Most of the time, parsing tasks need to be broken down into tokens and statements, if you’re into the old school Lex/Yacc stuff. Various other tools are similar. With LPEG, you do some of the same stuff, but I think it’s a bit easier.
First, I need to define things related to numbers. To define a simple pattern, LPEG has a function, lpeg.P(). This function can take a string as a simple pattern to match. Another function, lpeg.S(), allows you to define a set of characters, and lastly, the function lpeg.R() allows you to define a range. There’s one more thing called a capture, lpeg.C(), which allows you to actually get stuff out of the strings you’re matching. With these in hand, you can do the following:
local locale = lpeg.locale() -- to get some ready made sets local P = lpeg.P local R = lpeg.R local S = lpeg.S local C = lpeg.C local whitespace = locale.space -- S' \t\v\n\f' local OPT_WS = whitespace^0; -- Optional whitespace local HWS = whitespace^1; -- Required whitespace local digit = locale.digit -- R("09"); local hex = locale.xdigit -- R("af","AF","09") local exp = S'eE' * S'+-'^-1 * digit^1 local number_sign = S'+-'^-1 local fs = S'fFlL'^0 local is = S'uUlL'^0 local hexnum = P'0' * S'xX' * hex^1 * is^-1 local octnum = P'0' * digit^1 * is^-1 local decnum = digit^1 * is^-1 local floatnum = digit^1 * exp * fs^-1 + digit^0 * P'.' * digit^1 * exp^-1 * fs^-1 + digit^1 * P'.' * digit^0 * exp^-1 * fs^-1 local numlit = hexnum + octnum + floatnum + decnum local NUMBER = number_sign^-1 * numlit local CNUMBER = C(NUMBER)/tonumber
Woah! That’s an eyefull. Yah, but it breaks down fairly easily. First of all, in Lua, if you are passing a single parameter to a function, like a string, or a table, you can eliminate the surrounding ‘()’. It’s a convenience, although it might make the typing look a little more obscure. So, the two following are equivalent:
P'0' P('0') lpeg.P('0')
Let’s dissect the hexnum pattern:
local hexnum = P'0' * S'xX' * hex^1
This is definig a pattern to match strings like this: “0x23FF”

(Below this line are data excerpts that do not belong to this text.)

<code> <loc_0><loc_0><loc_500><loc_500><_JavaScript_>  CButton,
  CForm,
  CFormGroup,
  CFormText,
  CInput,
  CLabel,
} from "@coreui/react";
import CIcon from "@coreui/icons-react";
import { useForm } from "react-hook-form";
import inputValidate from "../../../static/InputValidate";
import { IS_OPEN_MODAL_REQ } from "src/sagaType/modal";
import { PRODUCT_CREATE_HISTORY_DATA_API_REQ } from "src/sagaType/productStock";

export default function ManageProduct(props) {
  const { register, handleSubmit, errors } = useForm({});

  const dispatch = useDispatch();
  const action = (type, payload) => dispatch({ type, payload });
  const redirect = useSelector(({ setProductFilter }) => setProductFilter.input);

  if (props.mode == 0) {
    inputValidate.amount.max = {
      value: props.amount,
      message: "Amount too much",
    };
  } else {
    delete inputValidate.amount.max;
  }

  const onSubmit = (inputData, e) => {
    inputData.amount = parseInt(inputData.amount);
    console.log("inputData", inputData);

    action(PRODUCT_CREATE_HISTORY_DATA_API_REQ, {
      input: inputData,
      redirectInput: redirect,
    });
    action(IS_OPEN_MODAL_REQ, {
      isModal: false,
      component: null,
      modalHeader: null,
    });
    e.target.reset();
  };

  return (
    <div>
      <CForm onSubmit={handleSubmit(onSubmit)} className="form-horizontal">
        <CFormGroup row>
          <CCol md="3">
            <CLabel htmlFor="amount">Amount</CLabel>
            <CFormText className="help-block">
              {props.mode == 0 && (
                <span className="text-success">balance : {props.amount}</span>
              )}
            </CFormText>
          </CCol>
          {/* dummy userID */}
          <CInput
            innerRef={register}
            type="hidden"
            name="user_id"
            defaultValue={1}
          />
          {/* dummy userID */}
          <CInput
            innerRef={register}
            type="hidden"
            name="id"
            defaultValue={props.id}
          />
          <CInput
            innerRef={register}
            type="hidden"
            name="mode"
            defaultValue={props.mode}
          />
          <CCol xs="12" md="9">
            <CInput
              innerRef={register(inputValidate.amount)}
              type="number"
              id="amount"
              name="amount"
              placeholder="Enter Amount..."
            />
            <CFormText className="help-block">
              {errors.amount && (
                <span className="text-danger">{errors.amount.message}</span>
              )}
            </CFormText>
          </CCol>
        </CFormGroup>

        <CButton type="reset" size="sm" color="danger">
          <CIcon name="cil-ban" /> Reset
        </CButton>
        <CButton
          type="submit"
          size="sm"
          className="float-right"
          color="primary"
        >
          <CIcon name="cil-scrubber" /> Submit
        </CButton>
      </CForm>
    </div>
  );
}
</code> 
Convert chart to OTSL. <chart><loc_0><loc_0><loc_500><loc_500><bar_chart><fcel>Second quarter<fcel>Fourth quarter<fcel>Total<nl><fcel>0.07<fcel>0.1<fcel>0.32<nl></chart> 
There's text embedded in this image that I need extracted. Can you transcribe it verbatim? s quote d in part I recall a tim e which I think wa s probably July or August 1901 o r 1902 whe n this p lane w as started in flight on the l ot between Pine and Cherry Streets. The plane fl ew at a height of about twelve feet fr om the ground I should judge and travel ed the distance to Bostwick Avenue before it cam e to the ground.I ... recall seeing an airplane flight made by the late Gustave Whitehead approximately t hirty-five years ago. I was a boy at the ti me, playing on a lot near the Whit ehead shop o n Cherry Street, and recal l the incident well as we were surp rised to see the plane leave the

That’s a fairly familiar pattern to want to match. So, first up is the P’0′. That’s a pattern that says: Match on a literal ‘0’.
Next comes the ‘*’. That means “followed by”. The S’xX’ pattern would match anything in the enclosed set ‘x’ or ‘X’. Then again a ‘*’ meaning followed by.
The next one is a bit odd. What’s with the ‘^1’? In general, the ‘^’ will match on the number following it, in this case, 1 or more. It defines the minimum number of occurences that must exist for the previous pattern. It’s tacked onto the end of that hex pattern, which is defined as any of the hex digits (0..9, a..f, A..F), as defined by the locale.xdigit.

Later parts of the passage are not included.